An experienced data engineer using various methods to transform raw data into useful data systems. You will be responsible for designing, developing, testing, and deploying data pipelines, data warehouses, data lakes, and data products that support business needs. You will also work closely with data analysts, data scientists, and other stakeholders to ensure data quality, reliability, and availability. For example, you will develop and configure programs and jobs for data ingestion, transformation, data enhancement, efficient DB design and storage, and accessible by data end consumers. Overall, you’ll strive for efficiency by aligning data systems with business goals. In this data engineering position, you should have strong data analysis skills with the ability to combine, correlate and resolve data conflicts from different sources.

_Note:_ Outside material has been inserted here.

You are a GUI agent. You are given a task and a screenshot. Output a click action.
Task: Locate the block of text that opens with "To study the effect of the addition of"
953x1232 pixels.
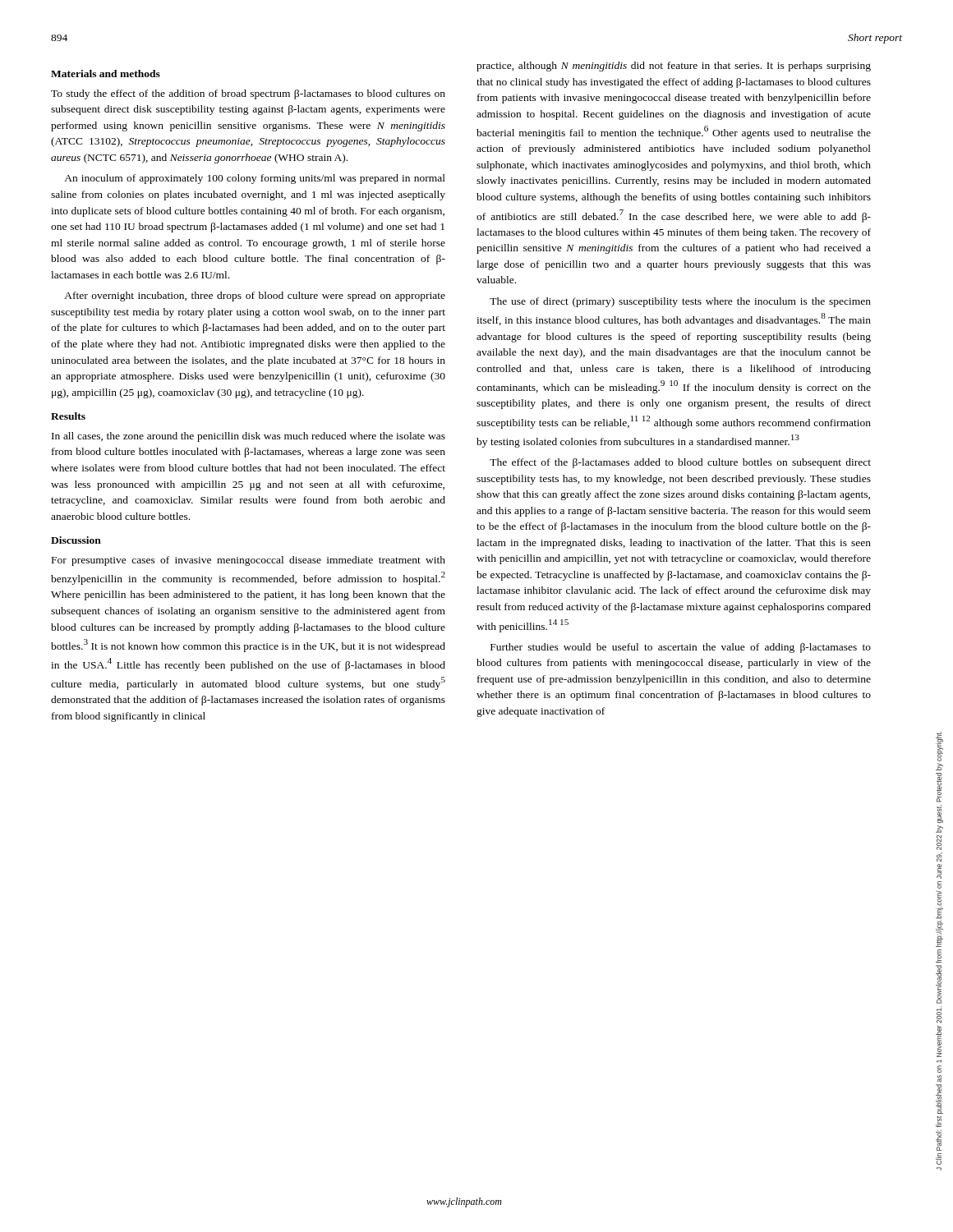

You will need skills and experience with several programming languages and knowledge of machine learning methods is a plus.

Job Duties

  • Utilize and optimize Apache Spark for distributed data processing, handling both batch and stream processing
    workloads.
  • Design, develop, and maintain scalable data pipelines for processing and analyzing large datasets.
  • Collaborate with cross-functional teams to understand data requirements and implement effective solutions.
  • Implement ETL (Extract, Transform, Load) processes to ingest and transform data from various sources into usable formats.
  • Implement data quality checks, data validation, and data governance processes to ensure data accuracy and
    consistency.
  • Develop and maintain data models, schemas, and metadata to support data analysis and reporting.
    • Create and manage data warehouses, data lakes, and data marts using cloud platforms such as AWS, Azure, or GCP.
  • Collaborate with data analysts, data scientists, and other business users to understand their data needs and provide data solutions.
  • Collaborate with technical, including DevOps, engineering, and compliance, to ensure seamless cloud implementation and adherence to best practices.
  • Develop data and cloud architecture documentation, including diagrams, guidelines, and best practices for reference and knowledge sharing.
  • Troubleshoot and resolve data pipeline issues, ensuring minimal downtime and data integrity.
  • Optimize data pipelines for performance, reliability, and data quality, utilizing best practices in data engineering.
  • Build algorithms and prototypes that combine raw information from different sources.

Required Skills

  • Bachelor’s degree in Computer Science, Engineering, Mathematics, or related field, or equivalent work experience.
  • 3+ years of experience in data engineering or related roles.
  • Extensive experience with Apache Spark for large-scale data processing, including RDDs, DataFrames, and Spark SQL.
  • Familiarity with components like HDFS, MapReduce, Hive, and HBase.
  • Experience with both SQL and NoSQL databases, such as MySQL, PostgreSQL, DynamoDB.
  • Proficient in SQL and at least one programming language such as Python, etc.
  • Experience with data pipeline orchestration and scheduling tools such as AWS Step Functions, Air Flow, etc.
  • Experience with cloud-based data platforms and services such as AWS, Azure, or GCP.
  • Experience with data warehouse and data lake design and architecture.
  • Experience with data quality, data testing, and data governance methodologies and tools.
  • Strong analytical and problem-solving skills, attention to detail, and communication skills
  • Ability to work independently and collaboratively in a fast-paced environment.
  • Experience working with a modern data catalog such as Alation, Collibra, etc. is a plus.
  • Ability to prepare data for prescriptive and predictive modeling is a plus.